Back in Deuteronomy chapter 6, we are in Exodus, Leviticus, Numbers, Deuteronomy chapter 6 and verse 16, "You shall not put the Lord your God to the test as you tested Him at Massah." And remember when Jesus was confronted by the devil and the devil used scripture to try to get Him to put God to the test and see if God would really preserve Him," and God's response to the Satan's quoted scripture "It is also written you shall not put the Lord your God to the test." So, lessons we are to learn. Writer to the Hebrews draws those clearly to our attention. Come back to Exodus 17, lack of food and lack of water is only one of the problems that Israel has in this wilderness region. There are enemies that don't take kindly to this mass of several million people turning up in the area that is theirs and furthermore they look at them as ripe for the picking. So, in chapter 17, beginning with verse 8 and through the rest of the chapter, we have the account of Amalek. The people of Amalek fighting against Israel here, then Israel defeating Amalek. Amalekites are relatives of Israel. Remember Esau and Jacob, the brothers. Well the Amalekites are descendents of Esau. The Israelites are the descendents of Jacob. Now the Amalekites are the descendents of a grandson of Esau and that’s found in genesis chapter 36, verse 12. So, they are not only attacking those that they are related to, but they are also doing it in an extremely callus and hard hearted way that shows a complete lack of reverence for God and respect for the people of God and thus respect for the God of Israel.

Turn over to Deuteronomy chapter 25. We are just told in Exodus that the Amalekites came out to fight against Israel, but in Deuteronomy chapter 25, verse 17 "Remember what Amalek did to you along the way when you came out from Egypt." Now, note this what He was doing how the Amalekites were attacking Israel. "How he met you along the way and attacked among you all the stragglers at your rear when you were faint and weary; and he did not fear God." So, you see this is especially mean and disheartening.

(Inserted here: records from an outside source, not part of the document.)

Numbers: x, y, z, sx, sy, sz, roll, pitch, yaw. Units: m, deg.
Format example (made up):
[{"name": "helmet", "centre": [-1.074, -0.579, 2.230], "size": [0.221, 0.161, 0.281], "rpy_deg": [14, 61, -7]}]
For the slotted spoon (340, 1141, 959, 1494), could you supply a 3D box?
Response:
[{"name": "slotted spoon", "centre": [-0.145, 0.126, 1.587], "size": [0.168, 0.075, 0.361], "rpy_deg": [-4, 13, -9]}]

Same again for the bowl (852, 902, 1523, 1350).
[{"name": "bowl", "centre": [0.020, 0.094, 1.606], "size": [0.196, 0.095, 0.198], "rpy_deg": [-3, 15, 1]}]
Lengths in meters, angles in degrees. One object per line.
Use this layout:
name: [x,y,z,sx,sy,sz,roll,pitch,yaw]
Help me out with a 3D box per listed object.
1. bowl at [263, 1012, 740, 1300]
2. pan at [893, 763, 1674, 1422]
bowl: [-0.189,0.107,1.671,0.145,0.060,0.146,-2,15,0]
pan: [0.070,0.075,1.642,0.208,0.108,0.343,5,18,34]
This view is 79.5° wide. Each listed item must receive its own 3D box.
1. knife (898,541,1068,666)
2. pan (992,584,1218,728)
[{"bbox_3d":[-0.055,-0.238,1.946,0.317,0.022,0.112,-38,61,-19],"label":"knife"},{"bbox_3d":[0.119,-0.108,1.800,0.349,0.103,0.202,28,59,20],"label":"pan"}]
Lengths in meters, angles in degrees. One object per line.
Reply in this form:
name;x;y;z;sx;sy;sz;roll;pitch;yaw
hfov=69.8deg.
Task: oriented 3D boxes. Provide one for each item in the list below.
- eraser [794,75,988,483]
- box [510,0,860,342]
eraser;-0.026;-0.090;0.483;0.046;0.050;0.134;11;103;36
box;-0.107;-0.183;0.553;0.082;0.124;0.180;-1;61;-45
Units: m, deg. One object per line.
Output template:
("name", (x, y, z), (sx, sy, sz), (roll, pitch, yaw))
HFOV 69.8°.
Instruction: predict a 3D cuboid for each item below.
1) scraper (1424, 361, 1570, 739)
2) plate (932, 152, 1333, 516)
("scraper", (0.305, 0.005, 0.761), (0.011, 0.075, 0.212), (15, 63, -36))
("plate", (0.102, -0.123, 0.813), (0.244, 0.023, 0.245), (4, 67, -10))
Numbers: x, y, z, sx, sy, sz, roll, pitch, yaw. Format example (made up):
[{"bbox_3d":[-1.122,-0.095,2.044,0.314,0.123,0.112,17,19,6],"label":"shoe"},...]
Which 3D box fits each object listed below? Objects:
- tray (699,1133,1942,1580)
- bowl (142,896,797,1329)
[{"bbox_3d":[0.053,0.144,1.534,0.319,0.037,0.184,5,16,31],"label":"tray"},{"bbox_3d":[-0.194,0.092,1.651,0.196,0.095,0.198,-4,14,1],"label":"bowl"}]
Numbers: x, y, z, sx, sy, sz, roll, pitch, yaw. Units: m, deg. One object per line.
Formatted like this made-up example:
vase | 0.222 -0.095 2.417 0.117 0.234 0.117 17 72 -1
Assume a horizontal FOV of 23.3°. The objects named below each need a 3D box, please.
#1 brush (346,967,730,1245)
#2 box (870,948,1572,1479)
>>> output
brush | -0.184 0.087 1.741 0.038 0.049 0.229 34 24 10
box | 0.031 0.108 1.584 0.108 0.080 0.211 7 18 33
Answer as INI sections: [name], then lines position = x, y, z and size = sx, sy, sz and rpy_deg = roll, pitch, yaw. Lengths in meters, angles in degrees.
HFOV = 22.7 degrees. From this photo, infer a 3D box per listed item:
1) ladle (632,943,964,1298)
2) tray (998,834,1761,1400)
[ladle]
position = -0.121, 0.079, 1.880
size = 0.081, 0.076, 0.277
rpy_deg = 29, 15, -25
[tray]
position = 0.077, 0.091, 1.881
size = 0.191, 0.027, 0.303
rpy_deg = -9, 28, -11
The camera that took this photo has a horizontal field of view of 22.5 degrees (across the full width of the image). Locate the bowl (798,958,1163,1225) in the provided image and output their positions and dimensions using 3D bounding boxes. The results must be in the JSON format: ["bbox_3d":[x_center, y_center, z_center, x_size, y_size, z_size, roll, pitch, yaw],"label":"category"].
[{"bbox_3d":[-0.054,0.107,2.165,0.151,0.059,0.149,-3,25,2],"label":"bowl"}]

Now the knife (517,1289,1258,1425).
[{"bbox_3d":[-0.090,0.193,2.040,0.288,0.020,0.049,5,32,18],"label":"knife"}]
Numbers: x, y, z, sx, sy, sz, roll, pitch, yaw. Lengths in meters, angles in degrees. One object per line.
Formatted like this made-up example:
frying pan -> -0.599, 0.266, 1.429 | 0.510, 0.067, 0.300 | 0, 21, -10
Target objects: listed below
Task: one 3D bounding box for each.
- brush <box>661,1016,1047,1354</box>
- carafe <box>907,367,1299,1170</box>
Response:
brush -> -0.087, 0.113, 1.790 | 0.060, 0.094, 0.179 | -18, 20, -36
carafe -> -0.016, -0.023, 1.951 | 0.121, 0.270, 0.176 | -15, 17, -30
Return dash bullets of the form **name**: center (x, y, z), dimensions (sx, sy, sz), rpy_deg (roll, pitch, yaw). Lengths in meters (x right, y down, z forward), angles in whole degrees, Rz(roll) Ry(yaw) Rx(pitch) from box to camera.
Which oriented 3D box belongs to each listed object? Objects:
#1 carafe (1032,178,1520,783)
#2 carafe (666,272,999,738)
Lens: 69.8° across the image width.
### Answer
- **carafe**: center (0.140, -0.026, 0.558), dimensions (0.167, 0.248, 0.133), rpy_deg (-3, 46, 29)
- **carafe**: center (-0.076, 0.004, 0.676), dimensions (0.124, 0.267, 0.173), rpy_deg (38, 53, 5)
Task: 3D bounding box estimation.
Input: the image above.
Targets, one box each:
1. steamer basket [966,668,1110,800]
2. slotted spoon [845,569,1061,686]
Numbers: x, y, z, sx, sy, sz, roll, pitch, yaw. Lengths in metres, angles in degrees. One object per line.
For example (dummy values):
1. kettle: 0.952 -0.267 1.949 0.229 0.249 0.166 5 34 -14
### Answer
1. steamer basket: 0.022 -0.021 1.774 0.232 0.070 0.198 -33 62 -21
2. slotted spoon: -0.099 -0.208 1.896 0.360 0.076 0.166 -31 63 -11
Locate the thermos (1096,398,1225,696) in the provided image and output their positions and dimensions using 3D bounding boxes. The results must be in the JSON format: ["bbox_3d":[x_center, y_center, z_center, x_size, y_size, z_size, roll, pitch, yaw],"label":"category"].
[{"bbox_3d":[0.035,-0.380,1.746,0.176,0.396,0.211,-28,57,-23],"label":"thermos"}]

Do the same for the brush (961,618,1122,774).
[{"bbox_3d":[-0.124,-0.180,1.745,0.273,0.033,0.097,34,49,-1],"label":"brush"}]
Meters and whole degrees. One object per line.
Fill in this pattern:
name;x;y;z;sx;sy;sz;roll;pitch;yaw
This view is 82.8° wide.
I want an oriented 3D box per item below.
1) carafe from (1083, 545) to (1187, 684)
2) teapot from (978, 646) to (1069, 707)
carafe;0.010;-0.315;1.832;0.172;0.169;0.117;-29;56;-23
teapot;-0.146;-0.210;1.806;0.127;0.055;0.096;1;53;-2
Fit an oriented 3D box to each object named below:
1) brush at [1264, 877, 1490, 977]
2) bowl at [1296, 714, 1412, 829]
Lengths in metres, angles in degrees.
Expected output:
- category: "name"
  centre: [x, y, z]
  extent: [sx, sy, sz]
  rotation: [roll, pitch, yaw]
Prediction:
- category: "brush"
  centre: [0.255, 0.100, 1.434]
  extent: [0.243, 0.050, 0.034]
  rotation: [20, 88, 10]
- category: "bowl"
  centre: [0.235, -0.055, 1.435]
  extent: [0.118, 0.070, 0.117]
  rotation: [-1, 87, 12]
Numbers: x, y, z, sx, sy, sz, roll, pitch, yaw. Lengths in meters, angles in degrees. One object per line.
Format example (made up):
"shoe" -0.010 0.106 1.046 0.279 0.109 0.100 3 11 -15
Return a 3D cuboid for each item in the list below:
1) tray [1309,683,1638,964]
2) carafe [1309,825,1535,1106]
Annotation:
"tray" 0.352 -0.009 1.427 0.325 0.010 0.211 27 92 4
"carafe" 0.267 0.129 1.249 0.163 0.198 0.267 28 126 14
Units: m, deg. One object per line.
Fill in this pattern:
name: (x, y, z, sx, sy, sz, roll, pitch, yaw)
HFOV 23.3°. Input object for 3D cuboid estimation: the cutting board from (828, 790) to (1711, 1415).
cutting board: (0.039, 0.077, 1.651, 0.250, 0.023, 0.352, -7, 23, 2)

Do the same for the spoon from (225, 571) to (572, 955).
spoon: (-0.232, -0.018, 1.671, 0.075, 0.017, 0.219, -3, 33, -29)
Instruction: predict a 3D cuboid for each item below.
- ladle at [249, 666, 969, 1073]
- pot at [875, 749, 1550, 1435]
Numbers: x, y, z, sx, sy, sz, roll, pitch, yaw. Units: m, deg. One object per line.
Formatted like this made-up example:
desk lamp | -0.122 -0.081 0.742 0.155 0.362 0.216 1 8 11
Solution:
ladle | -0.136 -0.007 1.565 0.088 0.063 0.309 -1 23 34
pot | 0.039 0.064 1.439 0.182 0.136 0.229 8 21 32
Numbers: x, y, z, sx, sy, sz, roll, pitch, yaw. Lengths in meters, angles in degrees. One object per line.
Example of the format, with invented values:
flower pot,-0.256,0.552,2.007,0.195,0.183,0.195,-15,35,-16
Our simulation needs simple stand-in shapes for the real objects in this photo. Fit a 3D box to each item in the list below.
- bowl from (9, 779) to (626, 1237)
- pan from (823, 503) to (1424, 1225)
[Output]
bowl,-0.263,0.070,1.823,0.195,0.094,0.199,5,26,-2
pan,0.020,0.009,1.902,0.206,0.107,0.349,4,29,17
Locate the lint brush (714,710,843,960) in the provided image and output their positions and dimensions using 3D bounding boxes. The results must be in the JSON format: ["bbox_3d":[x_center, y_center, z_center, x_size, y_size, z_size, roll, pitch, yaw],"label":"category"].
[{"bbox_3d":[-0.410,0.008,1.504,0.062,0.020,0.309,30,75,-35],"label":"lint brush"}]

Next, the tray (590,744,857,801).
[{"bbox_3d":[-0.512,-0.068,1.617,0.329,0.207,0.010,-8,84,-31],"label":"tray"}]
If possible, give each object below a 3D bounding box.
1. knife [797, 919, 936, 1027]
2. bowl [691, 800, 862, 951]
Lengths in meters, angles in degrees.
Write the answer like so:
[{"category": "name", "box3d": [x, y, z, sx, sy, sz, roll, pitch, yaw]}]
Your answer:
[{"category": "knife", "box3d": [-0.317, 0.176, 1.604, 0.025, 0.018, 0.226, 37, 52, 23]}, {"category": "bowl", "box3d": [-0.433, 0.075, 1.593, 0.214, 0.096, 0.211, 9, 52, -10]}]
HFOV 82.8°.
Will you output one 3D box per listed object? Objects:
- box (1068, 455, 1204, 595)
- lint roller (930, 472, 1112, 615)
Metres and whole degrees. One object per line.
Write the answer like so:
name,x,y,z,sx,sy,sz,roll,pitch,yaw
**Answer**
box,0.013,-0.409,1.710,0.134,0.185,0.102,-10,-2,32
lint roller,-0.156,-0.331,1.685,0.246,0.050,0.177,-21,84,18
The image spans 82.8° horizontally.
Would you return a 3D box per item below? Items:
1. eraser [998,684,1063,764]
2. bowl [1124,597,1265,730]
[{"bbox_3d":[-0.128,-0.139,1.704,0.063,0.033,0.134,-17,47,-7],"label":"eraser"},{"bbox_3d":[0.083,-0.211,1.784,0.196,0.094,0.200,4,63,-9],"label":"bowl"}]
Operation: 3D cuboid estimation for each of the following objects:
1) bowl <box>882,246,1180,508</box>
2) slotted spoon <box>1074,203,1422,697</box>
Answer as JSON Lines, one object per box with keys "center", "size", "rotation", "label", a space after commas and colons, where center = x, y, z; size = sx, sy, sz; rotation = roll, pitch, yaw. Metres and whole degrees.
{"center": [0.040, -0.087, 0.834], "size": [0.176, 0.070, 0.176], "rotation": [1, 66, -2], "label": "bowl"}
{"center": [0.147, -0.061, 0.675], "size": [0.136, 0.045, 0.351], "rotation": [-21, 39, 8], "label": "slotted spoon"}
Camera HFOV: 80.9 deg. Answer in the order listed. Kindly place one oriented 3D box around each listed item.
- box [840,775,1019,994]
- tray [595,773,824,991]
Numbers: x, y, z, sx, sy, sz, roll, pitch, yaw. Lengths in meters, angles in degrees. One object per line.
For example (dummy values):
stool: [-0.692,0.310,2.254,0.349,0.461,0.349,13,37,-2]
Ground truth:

The people that were worn out with the travel and they had to walk. They had all the stuff to carry, the elderly, the weak, those who were sick, those kind of people they straggle behind and when the Israel got to where they are going to camp everybody catch up, I mean we got procession here that extends for miles and miles with this amount of people and the Amalekites were just started to attack the weak and the struggling and so on and in all of this they so showed no fear of God. They would have heard what God did to the Egyptians to deliver Israel, I mean they had heard all way up in Canaan, but the Amalekites don't fear God. Therefore, verse 19, while you are in Deuteronomy 25, "It shall come about when the Lord your God has given you rest from all your surrounding enemies, in the land which the Lord your God gives you as an inheritance to possess, you shall blot out the memory of Amalek from under heaven; you must not forget." Amalek is appointed to destruction and he has demonstrated he is worthy of that in his actions here.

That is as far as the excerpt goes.